An environment class should also construct a communicator_setups dictionary containing arguments for corresponding communicator class and pass it to the constructor of a base RTRLBaseEnv class. The ReacherEnv class defines the following dictionary for URCommunicator class:

class ReacherEnv(RTRLBaseEnv, gym.core.Env):
    def __init__(*args, **kwargs):
        ## some code
        communicator_setups = {'UR5':
                                   {
                                    'num_sensor_packets': obs_history,
                                    'kwargs': {'host': self.host,
                                               'actuation_sync_period': actuation_sync_period,
                                               'buffer_len': obs_history + SharedBuffer.DEFAULT_BUFFER_LEN,
                                               }
                                    }
                               }
        super(ReacherEnv, self).__init__(communicator_setups=communicator_setups,
                                         action_dim=len(self.action_space.low),
                                         observation_dim=len(self.observation_space.low),
                                         dt=dt,
                                         **kwargs)

In addition, an environment should implement at least the following methods defined in RTRLBaseEnv class:

class RTRLBaseEnv(object):
    def _compute_sensation_(self, name, sensor_window, timestamp_window, index_window):
      """Converts robot sensory data into observation data.

      This method processes sensory data, creates an observation vector,
      computes _reward_ and whether it is done, and returns all those
      to be written into shared `sensation` buffer.

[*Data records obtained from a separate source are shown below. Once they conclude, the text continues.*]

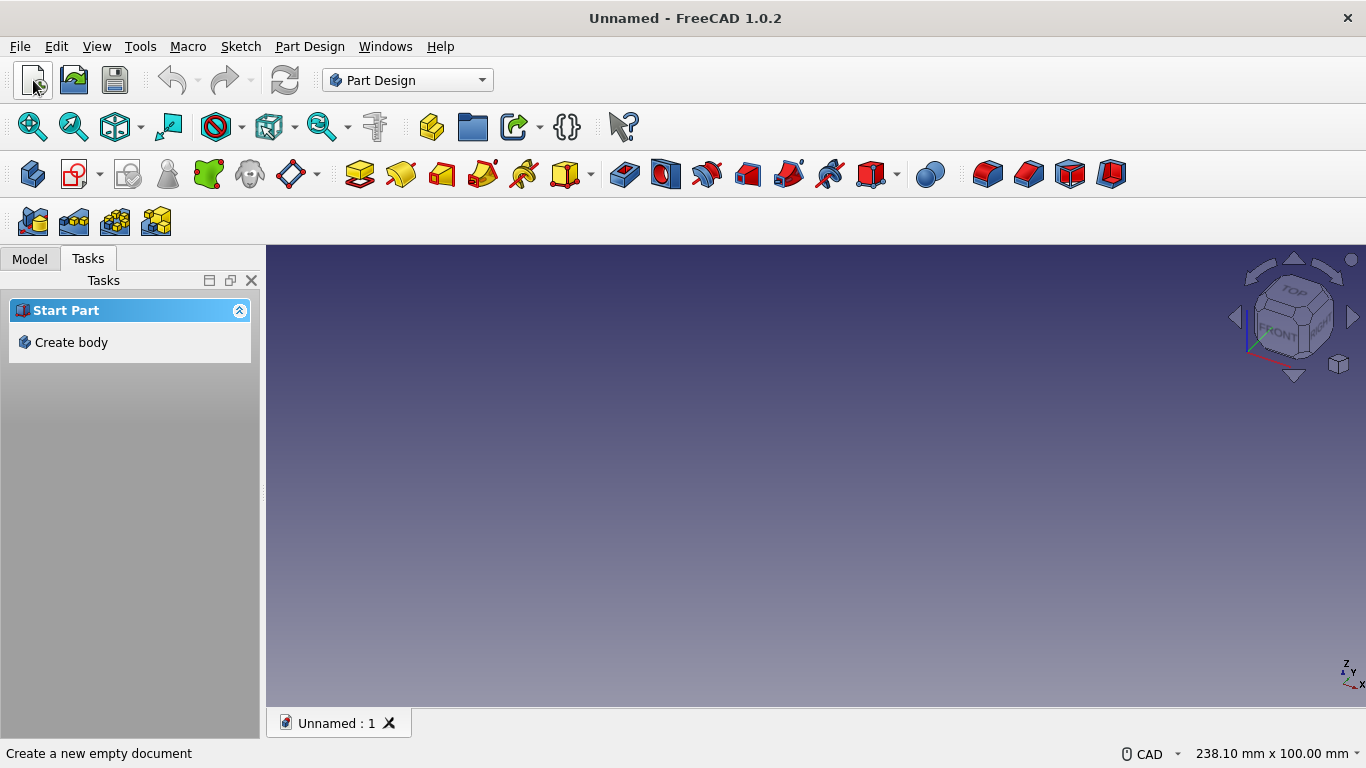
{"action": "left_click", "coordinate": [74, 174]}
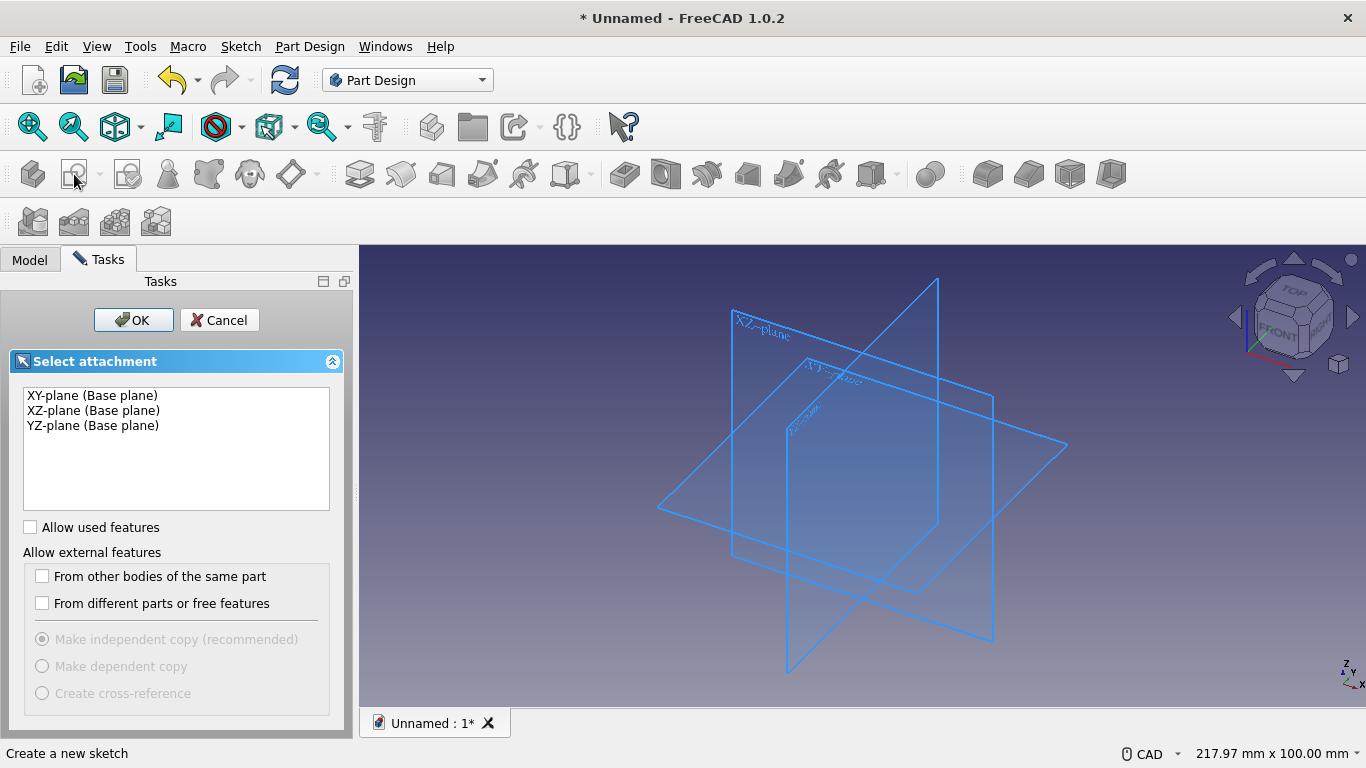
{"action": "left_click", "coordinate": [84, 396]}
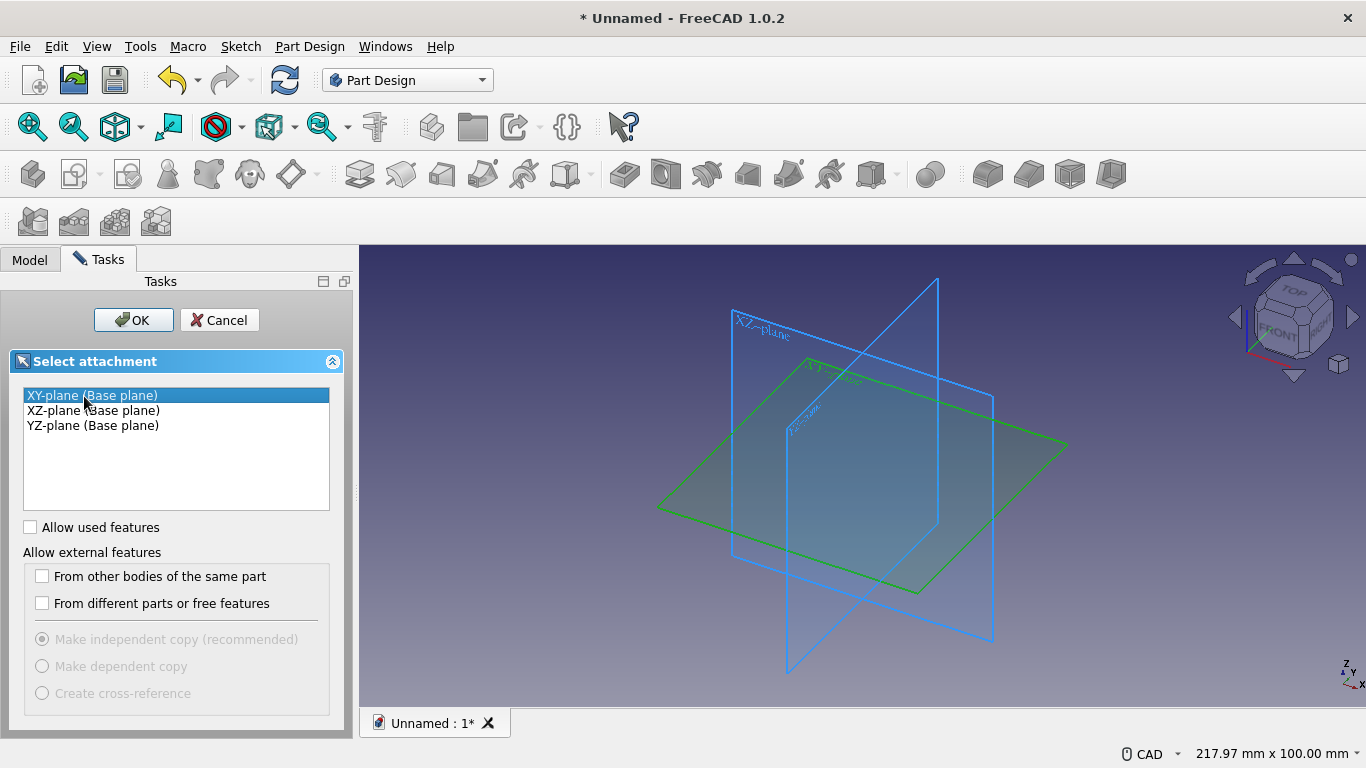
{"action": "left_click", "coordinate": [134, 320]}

      To be implemented by the Environment class.

      Returns:
          A numpy array containig data to be written to the `sensation` buffer
      """
      raise NotImplementedError

    def _compute_actuation_(self, action, timestamp, index):
      """Creates `actuation_packet`s.

      To be implemented by the Environment class.

      Args:
          action: A numpy array containing action from the agent
          timestamp: a float with associated timestamp
          index: An integer index of a current action
      """
      raise NotImplementedError

    def _reset_(self):
      """Performs the reset procedure for the task.

      To be implemented by the Environment class.
      """
      raise NotImplementedError

The _compute_sensation_ method converts (a history of) sensory data into an observation vector, computes reward, identifies whether the episode is over and returns these data as a flat numpy array.

The _compute_actuation_ method converts an action produced by an agent into a numpy array representation of a corresponding actuation command and stores it into an _actuation_packet_ dictionary, which has the format {communicator_string_name: actuation_numpy_array, ...}.

The _reset_ method defines and executes the end of an episode reset function for a given task. For example, in UR5 Reacher reset moves the arm into a fixed initial position, therefore the _reset_ method sends corresponding moveL UR5 command to URCommunicator and sleeps sufficient amount of time for the command to be executed on a robot.

The above three methods can be called on a different thread or process depends on the run mode. Therefore, special care is required when implementing them. We have added the trailing underscore to the methods' name as an caution indicator.